Awww...your posts recently have been so sad I haven't known what to put in the comments box. So...er...yeah.
Sugarplum - I was just wondering why your doll had a potato...Duh. I think I'm a bit dim tonight.
this sounds so much better, even if the arsefaces have taken over.
my eldest only has the hat of her doll left. Or better, my eldest only has the holes in the hat of her doll left. And the smell. We are not allowed to wash it so it holds the smells of every tummy bug and wet bed of 13 years of love. I'm scared of the thing and find it slightly insulting that she rather holds that than gets a hug off me.
Dearest Grit. I think of you often and hope things are improving. It sounds as though they are, if only a little.
Such an adventure - once they get fully immersed, they'll fuss at you when it's time to leave...motherhood is a giant no-win situation, isn't it?

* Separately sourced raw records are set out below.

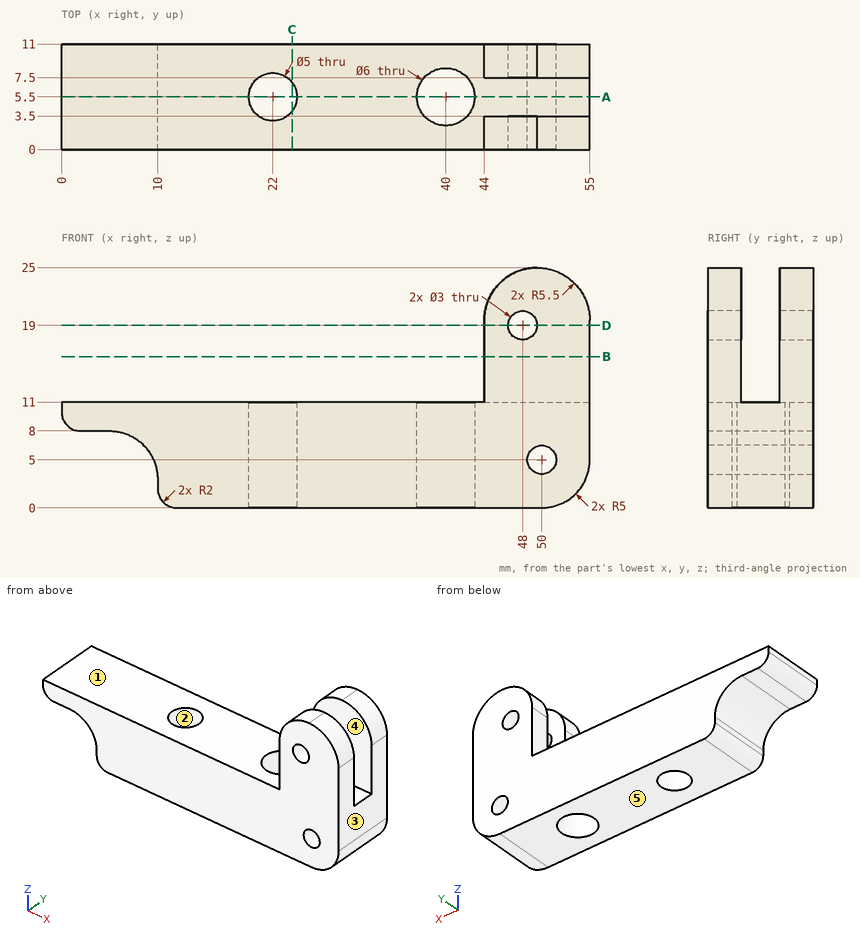
Could you check a few things on this drawing? It's one solid part, dimensions in mm from its lowest x, y, z. A direction names the side the tool comes from. Coordinates: 2 decimals unless noted, no trailing zeros. Write each loop counter-clockwise with the first axis right and the second up, starting at its lowest first coordinate (ties: lowest second). Pieces come first, ordered by that corner, then holes.
Q1. Imagine slicing it at C-C, the plane x = 24. List the corners of the cut face in (y, z) for me, plus the area to 3 significant figures.
Results found:
outline: (0, 0) - (4, 0) - (4, 11) - (0, 11) - close; (7, 0) - (11, 0) - (11, 11) - (7, 11) - close
area: 88.0 mm2
Q2. Imagine slicing it at D-D, the plane z = 19. List the corners of the cut face in (x, y) for me.
Results found:
outline: (44, 0) - (46.5, 0) - (46.5, 3.5) - (44, 3.5) - close; (44, 7.5) - (46.5, 7.5) - (46.5, 11) - (44, 11) - close; (49.5, 0) - (55, 0) - (55, 3.5) - (49.5, 3.5) - close; (49.5, 7.5) - (55, 7.5) - (55, 11) - (49.5, 11) - close
Q3. Imagine slicing it at B-B, the plane z = 15.75. List the corners of the cut face in (x, y) for me, plus the area to 3 significant figures.
Results found:
outline: (44, 0) - (55, 0) - (55, 3.5) - (44, 3.5) - close; (44, 7.5) - (55, 7.5) - (55, 11) - (44, 11) - close
area: 77.0 mm2
Q4. Please list where these lines run through material, in increasing order: L1, parallel to X at y = 8.65, z = 19; L2, parallel to Y at x = 22, z = 6.5; L3, parallel to Y at x = 40, z = 4.25.
Results found:
L1: x = 44 to 46.5, 49.5 to 55
L2: y = 0 to 3, 8 to 11
L3: y = 0 to 2.5, 8.5 to 11
Q5. If we mould it in two halves opening along X, with no side actions, what happens to the marked faces 1, 2 and 3? For each: +X half, -X half, draft (parallel to the pull), parting line (faces both ways), or undercut.
Results found:
face 1: draft
face 2: undercut
face 3: +X half
Q6. Which directions (+Z, -Z, +X, -X, +Y, -Y) give clear straight access to the entire face, cutting with the end or side of a thin tool? Please do the marked faces 4 and 5.
Results found:
face 4: +Z, +X, -X
face 5: -Z, +X, -X, +Y, -Y
Q7. For P1, Ø5.5, axis at x = 52, z = 16, coming from the -Y side; P2, Ø0.5, axis at y = 7, z = 2.5, coming from the -X side; P3, Ø3.5, axis at x = 4, y = 8, coming from the -Z side; P4, Ø2.5, axis at x = 48, z = 19, coming from the -Y side, each with a flat end and sliding along its axis, tell me the tip position at first contact or that it passes through.
Results found:
P1: stops at y = 0
P2: stops at x = 10
P3: stops at z = 7.94
P4: passes through
Q8. Imagine slicing it at A-A, the plane y = 5.5. List the corners of the cut face in (x, z) for me.
Results found:
outline: (0, 10) arc R2 ccw to (2, 8) - (5, 8) arc R5 cw to (10, 3) - (10, 2) arc R2 ccw to (12, 0) - (19.5, 0) - (19.5, 11) - (0, 11) - close; (24.5, 0) - (37, 0) - (37, 11) - (24.5, 11) - close; (43, 0) - (50, 0) arc R5 ccw to (55, 5) - (55, 11) - (43, 11) - close; hole circle Ø3 at (50, 5)

Hey Grit, here's a video that might cheer you up. In fact you've likely already seen it because people in the UK are outraged. A women walks down a street, sees a cat, stops, looks around then drops the cat into a trash bin. Now I love my 3 cats but there is something macabre that has me laughing in stitches, or maybe its lunacy from severe sleep shortage
http://news.gather.com/viewArticle.action?articleId=281474978467770
Hooray for the Arseface Dollies! Long may they endure. So happy to hear that finally something has brought a smile back to Tiger's face. My younger son still has his softy dogs. They have been with him since he was 3 months old, and boy, does it show. They are almost bald, have one ear between the two of them (the others were twiddled to pieces) and not a lot of stuffing but they endure. He's 26 now so I think the Arsefaces have a long way to go yet ;-)
hi folks, thank you for your comments. i am so pleased to hear of other cuddly toys never thrown away. now i think it is all normal, and not the outcome of psychosis. hooray for blogging!